Tiny particles in blood useful for early diagnosis of pancreatic cancer
MD Anderson News Release June 24, 2015
MD Anderson study shows promise for Glypican-1 in identifying cancer-specific exosomes
MD Anderson News Release 06/24/2015
A protein encoded by the gene glypican-1 (GPC1) present on cancer exosomes may be used as part of a potential non-invasive diagnostic and screening tool to detect early pancreatic cancer, potentially at a stage amenable to surgical treatment, according to a study at The University of Texas MD Anderson Cancer Center.
Exosomes – tiny, virus-sized particles released by cancer cells, contain DNA, RNA and proteins. Scientists isolated and monitored GPC1-enriched circulating exosomes from the blood of pancreatic cancer patients, termed GPC1+ crExos.
“GPC1+ crExos were detected in small amounts of serum from about 250 patients with pancreatic cancer with absolute specificity and sensitivity, importantly distinguishing patients with chronic pancreatitis from those with early- and late-stage pancreatic cancer,” said Raghu Kalluri, M.D., Ph.D., chair of Cancer Biology.

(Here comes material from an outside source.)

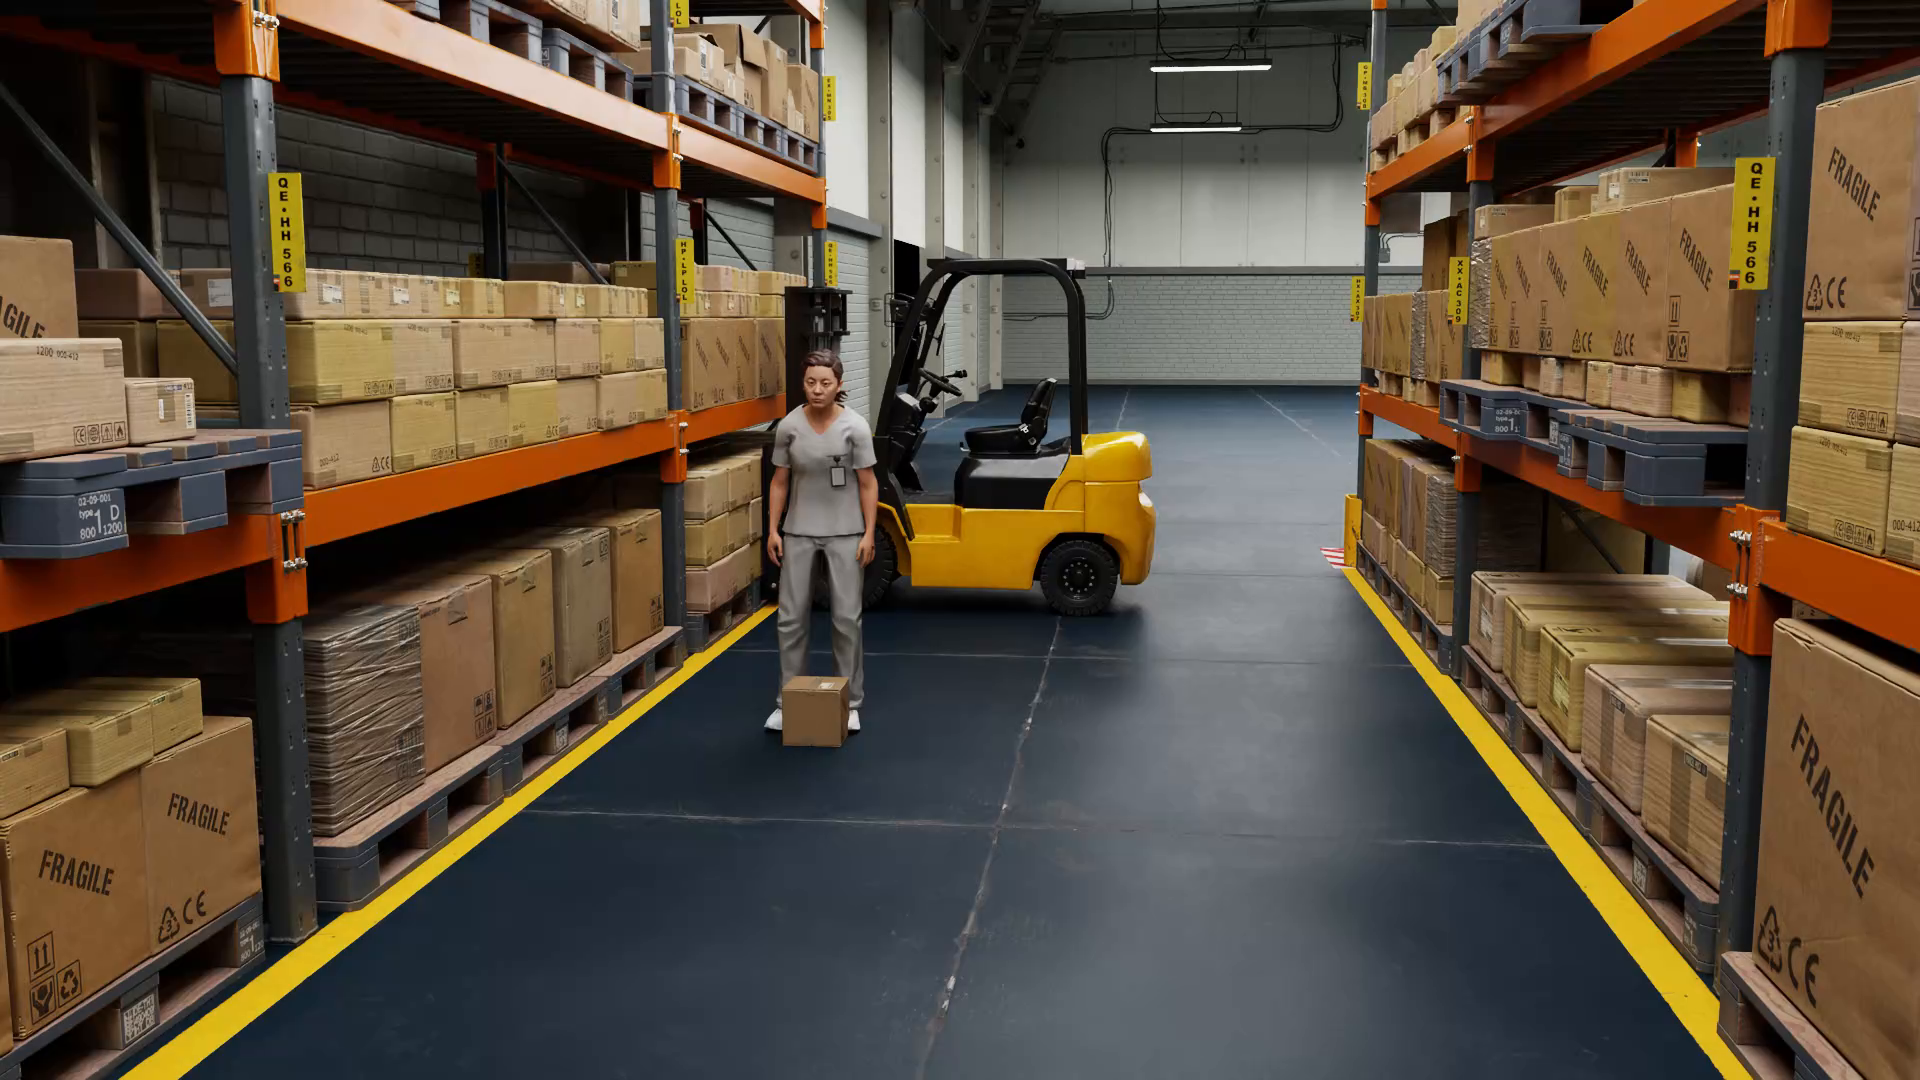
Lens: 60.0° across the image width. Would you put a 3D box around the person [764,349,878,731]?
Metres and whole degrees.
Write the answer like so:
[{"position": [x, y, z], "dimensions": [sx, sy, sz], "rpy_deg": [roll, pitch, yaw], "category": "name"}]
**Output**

Levels of GPC1+ crExos were significantly lower in patients following surgical removal of the tumor, said Kalluri, whose study results are published in the June 24, 2015 issue of Nature. The study examined crExos from healthy donors and breast and pancreatic cancer patients. Elevated GPC1+ crExos were seen in both cancers.
“GPC1+ crExos can be detected and isolated in blood samples that were stored in freezers almost 30 years ago, unlike circulating tumor cells (CTCs) that require large amounts of fresh blood,” said Kalluri. “DNA, RNA and proteins can be isolated from cancer exosomes isolated from stored specimen for further genetic and biological analyses. Therefore, cancer exosomes are not just a biomarker but isolating them provides a trove of cancer specific information.”
GPC1+ crExos appear to be a more reliable screening tool than the commonly used CA 19-9 biomarker. The study found that GPC1+ crExos detected the possibility of pancreatic cancer in mouse models of pancreatic cancer at a time when the mice showed no signs of pancreatic disease by MRI.
“Routine screening of the general population for pancreatic cancer using MRIs or CTs would be prohibitively expensive with the likelihood for many false positives,” said David Piwnica-Worms, M.D., Ph.D., chair of Cancer Systems Imaging, “Our study suggests the potential for GPC1+ crExos as a detection and monitoring tool for pancreatic cancer in combination with imaging, with an emphasis on its application in early detection.”
Because pancreatic cancer-specific genetics can be detected in these exosomes, there is great potential to enhance specificity of MRIs or CTs, ” said Kalluri
If detected early, surgery involving a pancreatico-duodenectomy or the Whipple procedure can be curative for pancreatic cancer patients. Since pancreatic cancer is often diagnosed in the later stages, only about 15 percent of patients qualify for the surgery.
“Studies comparing stage of disease with outcome following surgery suggest that death rates for pancreatic cancer would be reduced if the disease were diagnosed at an earlier stage,” said Kalluri. “This presents an unprecedented opportunity for informative early detection of pancreatic cancer and in designing potential curative surgical options.”
Members of the MD Anderson research team included Sonia Melo, Ph.D., Linda Luecke, Ph.D., Christophe Kahlert, Ph.D., and Valerie LeBleu, Ph.D., all of Cancer Biology; Seth Gammon, Ph.D. and David Piwnica-Worms, M.D., Ph.D., from Cancer Systems Imaging; and Elizabeth Mittendorf, M.D., Ph.D., from Surgical Oncology.
Other participating institutions include the University de Oviedo, Oveido, Spain, Universität Dresden, Germany, and the Centro Nacional de Biotecnologia, Madrid.
The study was funded by the Cancer Prevention and Research Institute of Texas, MD Anderson Cancer Center, and partially by the National Institutes of Health/National Cancer Institute (CA151925, P30CA016672, P50CA094056, and 5U24CA1265577).